その理由として「世界の大学ランキングで東大は17位。GDPが世界2位の
我が国のトップの大学がこのレベルでは情けない。
最上位にランクされるハーバードやMIT,オクスフォードやケンブリッジ等は
全て私学であり、その意味でも東大の民営化には意義がある」と述べた。
この時は会場で大喝采がおき拍手や口笛が鳴り止まず、竹中氏は大いに
満足していた。
最近マスコミ誌上で氏は東大民営化論を積極的に発言しているが、この時
のACCJでの反応の良さに自信を得ての事に違いない、と私は見ている。

ただ福田内閣では構造改革のスピードが鈍化したとの見方に触れ、
経済学者ロバート・フェルドマンが発見した"CRIC"
[Crisis, Response, Improvement, Complacency]サイクルの
最終段階「Complacency = 満足感」に日本がひたってしまい、
「我々は構造改革をやり遂げた。
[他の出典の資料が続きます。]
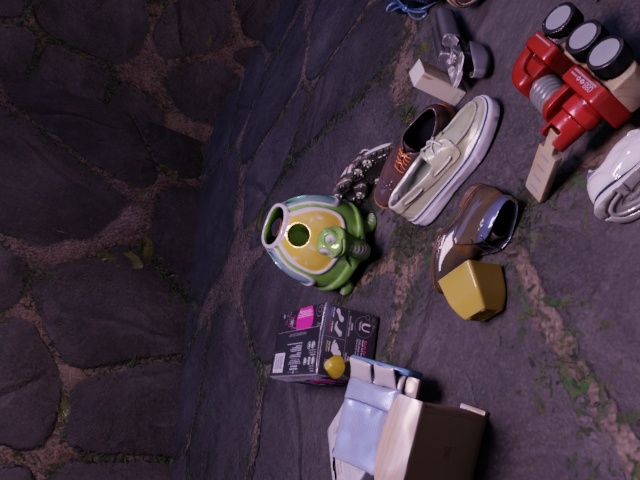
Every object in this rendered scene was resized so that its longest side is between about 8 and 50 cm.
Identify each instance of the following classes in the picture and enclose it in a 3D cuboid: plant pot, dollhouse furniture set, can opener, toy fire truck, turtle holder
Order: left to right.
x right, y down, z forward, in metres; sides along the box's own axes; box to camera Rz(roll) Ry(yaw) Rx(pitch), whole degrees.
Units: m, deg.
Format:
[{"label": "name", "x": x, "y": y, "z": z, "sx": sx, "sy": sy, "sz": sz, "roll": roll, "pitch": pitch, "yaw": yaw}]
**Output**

ここらでちょっと一休みしよう」という
マインドになっていると警告し、講演を締めくくった。

メディアを通しては窺い知れない竹中氏のユーモアのセンス、迫力、
そして私とレベルの変わらない英語の発音に触れることができ、今回の
ACCJセミナーは大満足。今後の氏の活躍をますます見逃せなくなった。

写真はACCJ会報の表紙を飾った竹中氏の肖像画。このセミナーの後、
この絵のオリジナルが記念品として竹中氏に寄贈された。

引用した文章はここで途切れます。